Da kam ihm ein Gedanke, wie ihn nur ein Normanne haben kann:

›Ich werde dem Kerl ein paar hundert Taler bieten! Irgendwie muß ich meine Torheit sühnen. Ein Lebender ist schließlich bequemer als ein Toter!‹

»Wenn du auf der Stelle mit mir das Schloß verläßt und keinem Menschen etwas verrätst, will ich dir ein Jahresgeld von hundert Talern aussetzen. Du stirbst vor Hunger. Dein geiziger Vater ist erst sechzig Jahre alt.

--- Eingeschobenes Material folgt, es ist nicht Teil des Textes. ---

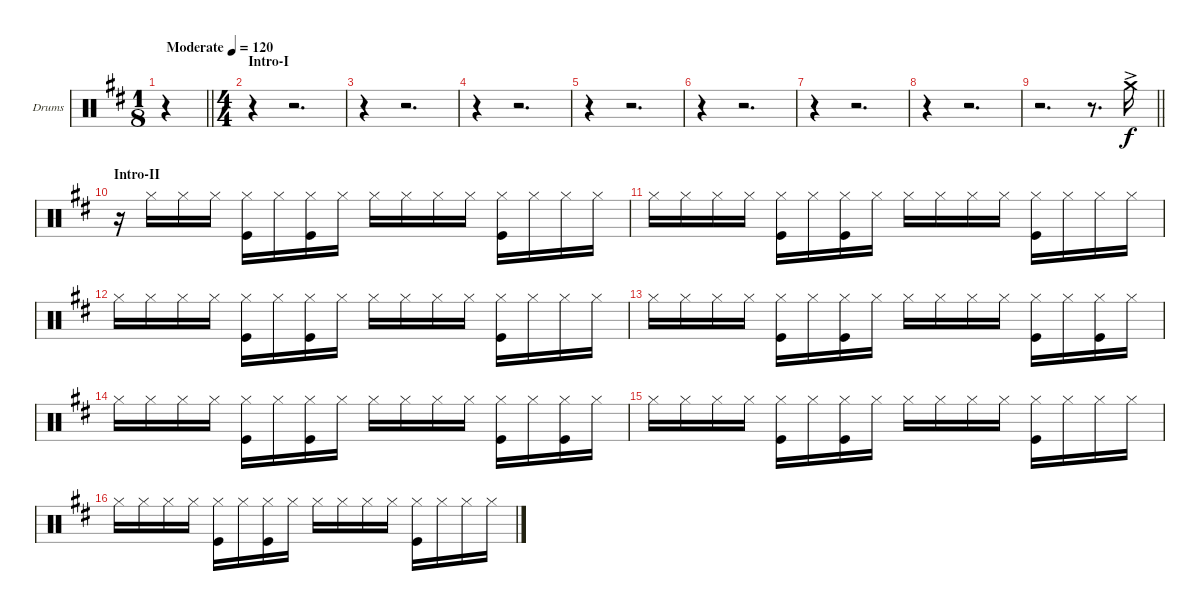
\bracketExtendMode groupsimilarinstruments
\firstSystemTrackNameOrientation horizontal
\otherSystemsTrackNameOrientation horizontal
\track ("Drumkit" "Drums") {instrument percussion}
\staff {score}
\articulation defaults
\ts (1 8)
\beaming (8 1)
\tempo (120 "Moderate")
\clef neutral
\barLineRight lightlight
\ks d
r.4{dy f} |
\ts (4 4)
\beaming (8 2 2 2 2)
\section ("" "Intro-I")
r.4 r.2{d} |
r.4 r.2{d} |
r.4 r.2{d} |
r.4 r.2{d} |
r.4 r.2{d} |
r.4 r.2{d} |
r.4 r.2{d} |
\barLineRight lightlight
r.2{d} r.8{d} "Crash medium (hit)"{ac}.16 |
\section ("" "Intro-II")
r.16 "Hi-Hat (closed)".16 "Hi-Hat (closed)".16 "Hi-Hat (closed)".16 ("Hi-Hat (closed)" "Kick (hit)").16 "Hi-Hat (closed)".16 ("Hi-Hat (closed)" "Kick (hit)").16 "Hi-Hat (closed)".16 "Hi-Hat (closed)".16 "Hi-Hat (closed)".16 "Hi-Hat (closed)".16 "Hi-Hat (closed)".16 ("Hi-Hat (closed)" "Kick (hit)").16 "Hi-Hat (closed)".16 "Hi-Hat (closed)".16 "Hi-Hat (closed)".16 |
"Hi-Hat (closed)".16 "Hi-Hat (closed)".16 "Hi-Hat (closed)".16 "Hi-Hat (closed)".16 ("Hi-Hat (closed)" "Kick (hit)").16 "Hi-Hat (closed)".16 ("Hi-Hat (closed)" "Kick (hit)").16 "Hi-Hat (closed)".16 "Hi-Hat (closed)".16 "Hi-Hat (closed)".16 "Hi-Hat (closed)".16 "Hi-Hat (closed)".16 ("Hi-Hat (closed)" "Kick (hit)").16 "Hi-Hat (closed)".16 "Hi-Hat (closed)".16 "Hi-Hat (closed)".16 |
"Hi-Hat (closed)".16 "Hi-Hat (closed)".16 "Hi-Hat (closed)".16 "Hi-Hat (closed)".16 ("Hi-Hat (closed)" "Kick (hit)").16 "Hi-Hat (closed)".16 ("Hi-Hat (closed)" "Kick (hit)").16 "Hi-Hat (closed)".16 "Hi-Hat (closed)".16 "Hi-Hat (closed)".16 "Hi-Hat (closed)".16 "Hi-Hat (closed)".16 ("Hi-Hat (closed)" "Kick (hit)").16 "Hi-Hat (closed)".16 "Hi-Hat (closed)".16 "Hi-Hat (closed)".16 |
"Hi-Hat (closed)".16 "Hi-Hat (closed)".16 "Hi-Hat (closed)".16 "Hi-Hat (closed)".16 ("Hi-Hat (closed)" "Kick (hit)").16 "Hi-Hat (closed)".16 ("Hi-Hat (closed)" "Kick (hit)").16 "Hi-Hat (closed)".16 "Hi-Hat (closed)".16 "Hi-Hat (closed)".16 "Hi-Hat (closed)".16 "Hi-Hat (closed)".16 ("Hi-Hat (closed)" "Kick (hit)").16 "Hi-Hat (closed)".16 ("Hi-Hat (closed)" "Kick (hit)").16 "Hi-Hat (closed)".16 |
"Hi-Hat (closed)".16 "Hi-Hat (closed)".16 "Hi-Hat (closed)".16 "Hi-Hat (closed)".16 ("Hi-Hat (closed)" "Kick (hit)").16 "Hi-Hat (closed)".16 ("Hi-Hat (closed)" "Kick (hit)").16 "Hi-Hat (closed)".16 "Hi-Hat (closed)".16 "Hi-Hat (closed)".16 "Hi-Hat (closed)".16 "Hi-Hat (closed)".16 ("Hi-Hat (closed)" "Kick (hit)").16 "Hi-Hat (closed)".16 ("Hi-Hat (closed)" "Kick (hit)").16 "Hi-Hat (closed)".16 |
"Hi-Hat (closed)".16 "Hi-Hat (closed)".16 "Hi-Hat (closed)".16 "Hi-Hat (closed)".16 ("Hi-Hat (closed)" "Kick (hit)").16 "Hi-Hat (closed)".16 ("Hi-Hat (closed)" "Kick (hit)").16 "Hi-Hat (closed)".16 "Hi-Hat (closed)".16 "Hi-Hat (closed)".16 "Hi-Hat (closed)".16 "Hi-Hat (closed)".16 ("Hi-Hat (closed)" "Kick (hit)").16 "Hi-Hat (closed)".16 "Hi-Hat (closed)".16 "Hi-Hat (closed)".16 |
"Hi-Hat (closed)".16 "Hi-Hat (closed)".16 "Hi-Hat (closed)".16 "Hi-Hat (closed)".16 ("Hi-Hat (closed)" "Kick (hit)").16 "Hi-Hat (closed)".16 ("Hi-Hat (closed)" "Kick (hit)").16 "Hi-Hat (closed)".16 "Hi-Hat (closed)".16 "Hi-Hat (closed)".16 "Hi-Hat (closed)".16 "Hi-Hat (closed)".16 ("Hi-Hat (closed)" "Kick (hit)").16 "Hi-Hat (closed)".16 "Hi-Hat (closed)".16 "Hi-Hat (closed)".16

Ehe du ihn beerbst, können noch fünfzehn bis zwanzig Jahre vergehen. Wohingegen du ein schönes Leben führen kannst mit den hundert Talern im Jahre, die ich dir sofort vor dem Notar und zwei Zeugen verschreiben werde.«

Fabian, immer noch voll Wut über seine zerknüllte Krawatte, wollte sich mit Gewalt losreißen. Da packte ihn Sansfin am Halse und erwürgte ihn beinahe.

»Ich stoße dir den Dolch ins Auge!« knirschte er. »Dann bist du dein Lebelang einäugig oder gleich ganz tot! Nimm die hundert Taler Jahresgeld – oder . . .«

Er drückte noch fester zu.

Kaum noch atmend lispelte Fabian:

»Ich nehme das Geld!«

Sansfin hielt ihm mit der Hand den Mund zu und führte ihn eine geheime Treppe hinunter. Ein paar Minuten später waren sie im Freien.